Interesting writeup. I wonder somewhat what this looks like from the customer side; one downside I've observed with some serverless in the past is that it can introduce up-front latency delays as the system spins up support to handle your spike. I know the CI consensus seems to be that latency matters little in a process that's going to take a long time to run to completion anyway... But I'm also a developer of CI, and that latency is painful during a tight-loop development cycle.
(The good news is that if the spikes are regular, a sufficiently-advanced serverless can "prime the pump" and prep-and-launch instances into surplus compute before the spike since historical data suggests the spike is coming).
> one downside I've observed with some serverless in the past is that it can introduce up-front latency delays as the system spins up support to handle your spike
[cofounder of blacksmith here]
This is exactly one of the symptoms of running CI on traditional hyperscalers we're setting out to solve.

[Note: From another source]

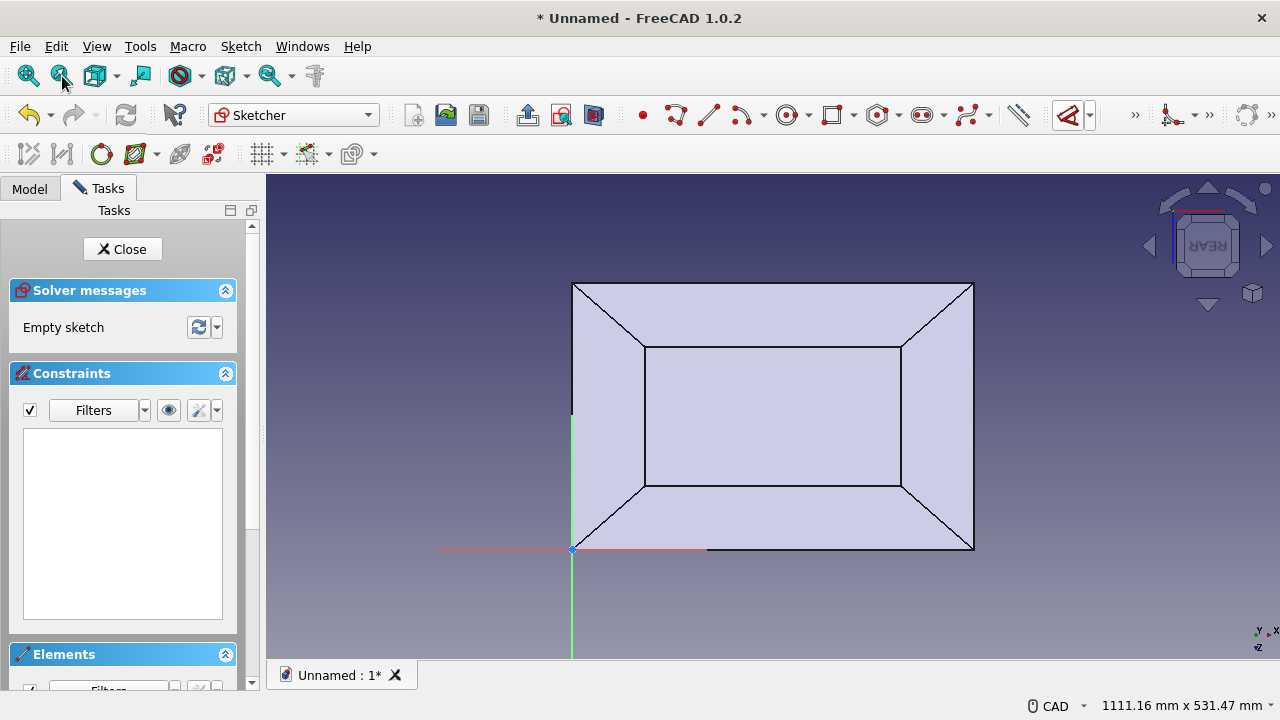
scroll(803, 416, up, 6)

The fundamental requirement for CI is that each job requires its own fresh VM (which is unlike traditional serverless workloads like lambdas). To provision an EC2 instance for a CI job:
- you're contending against general on-demand production workloads (which have a particular demand curve based on, say, the time of day). This can typically imply high variance in instance provisioning times.
- since AWS/GCP/Azure deploy capacity out as spot instances with a guaranteed pre-emption warning, you're also waiting for the pre-emption windows to expire before a VM can be handed to you!